How I’m Going To Weaponize the Secrets You Just Told Me
When you told me that you were the one that steals the K-cups from the lounge, or that you shredded Barb’s cost report so you could get the VP promotion, or when you had a one-night stand with your best friend’s wife, I didn’t tell anyone. Remember? I’m a team player! But after the last two years, and all this Xanax, I need to start living my truth. And that truth is that I have nothing better to do than stir up shit.
I am not doing this for revenge! In fact, I love it when you call me your, “work wife” because it gives me something I don’t have at home: control.
Don’t forget that I was the one that told you not to order a third drink at happy hour last night. Just because I was on my third vodka soda, it didn’t necessarily mean that you were a pussy if you didn’t have one too.
I did not need to know that you put your car payment or your subscription for pictures of women’s feet on the company credit card, but then code that as “client recruitment.” I would have gone on to proposition my Uber driver with, or without, knowing that information.
But you told me. Freely. Willingly. Drunkenly. How was I to know that my teenager rigged my voice recorder to start recording whenever I say, “Prove it”? I’m sorry that I can access the accounting files to track what you’ve done. But I’m more sorry that I don’t have your parking spot. It is, like, so much closer to the building than mine.

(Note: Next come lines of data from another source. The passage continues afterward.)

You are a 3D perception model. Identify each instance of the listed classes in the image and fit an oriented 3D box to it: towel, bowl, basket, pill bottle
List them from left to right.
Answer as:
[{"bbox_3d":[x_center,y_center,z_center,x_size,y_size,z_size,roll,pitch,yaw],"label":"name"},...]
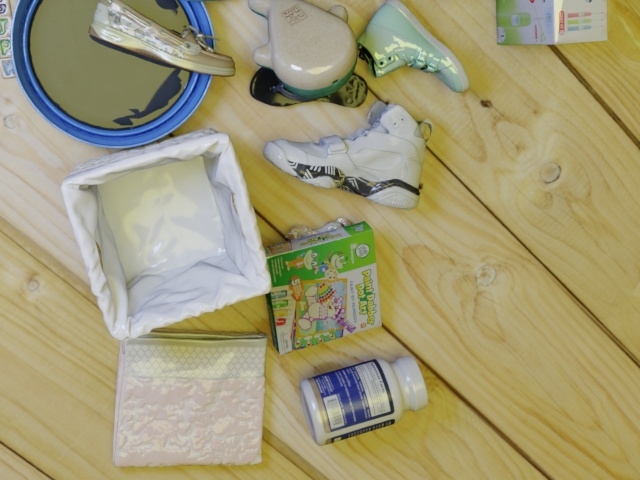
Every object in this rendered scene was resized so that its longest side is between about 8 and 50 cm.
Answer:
[{"bbox_3d":[-0.406,-0.379,1.753,0.391,0.077,0.391,-3,102,-16],"label":"bowl"},{"bbox_3d":[-0.306,-0.028,1.763,0.331,0.266,0.328,-18,105,-10],"label":"basket"},{"bbox_3d":[-0.283,0.351,1.962,0.331,0.053,0.317,3,101,-13],"label":"towel"},{"bbox_3d":[0.097,0.352,1.995,0.264,0.153,0.153,-14,105,-10],"label":"pill bottle"}]

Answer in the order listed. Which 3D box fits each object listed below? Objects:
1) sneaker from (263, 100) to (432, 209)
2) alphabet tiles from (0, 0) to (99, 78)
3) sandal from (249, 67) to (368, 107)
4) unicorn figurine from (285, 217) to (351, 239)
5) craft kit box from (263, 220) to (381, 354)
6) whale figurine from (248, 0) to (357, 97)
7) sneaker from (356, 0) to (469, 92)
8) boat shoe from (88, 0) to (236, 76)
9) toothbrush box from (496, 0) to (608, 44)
[{"bbox_3d":[0.068,-0.205,1.883,0.365,0.137,0.210,15,98,-21],"label":"sneaker"},{"bbox_3d":[-0.525,-0.433,1.759,0.237,0.009,0.198,-9,103,-11],"label":"alphabet tiles"},{"bbox_3d":[-0.022,-0.329,1.873,0.254,0.054,0.097,-1,102,-13],"label":"sandal"},{"bbox_3d":[0.000,0.000,1.953,0.162,0.060,0.111,-31,106,-22],"label":"unicorn figurine"},{"bbox_3d":[0.004,0.104,1.935,0.246,0.061,0.250,-16,119,-17],"label":"craft kit box"},{"bbox_3d":[-0.039,-0.403,1.802,0.216,0.141,0.272,-32,66,-8],"label":"whale figurine"},{"bbox_3d":[0.189,-0.372,1.890,0.256,0.094,0.151,43,84,-8],"label":"sneaker"},{"bbox_3d":[-0.290,-0.383,1.690,0.285,0.104,0.089,16,99,-18],"label":"boat shoe"},{"bbox_3d":[0.468,-0.509,1.828,0.122,0.283,0.206,-7,104,-12],"label":"toothbrush box"}]

There is nothing, specifically, that I want from you. But there are also many things I specifically hope I can get from you. Like, I’m not suggesting we should swap offices. I’m just wondering if my seasonal depression wouldn’t be as bad if the window in my office had a Southern exposure like yours does.
The last thing I’m here to do is judge you — I value our relationship. I’m just curious what the dollar amount is that you would put on that value?
When I think about this whole situation, it makes me really sad. Really sad that you would take advantage of your position at this company and not loop me in. Really sad that you would jeopardize everything when you could have given me a few weeks of your timeshare in Cabo instead.
No matter what happens moving forward, know that I adore you, and your secrets are safe with me. Thank God I’m the one putting you in this position. Just imagine if anyone else in this office were to know all this! This is truly working out perfectly.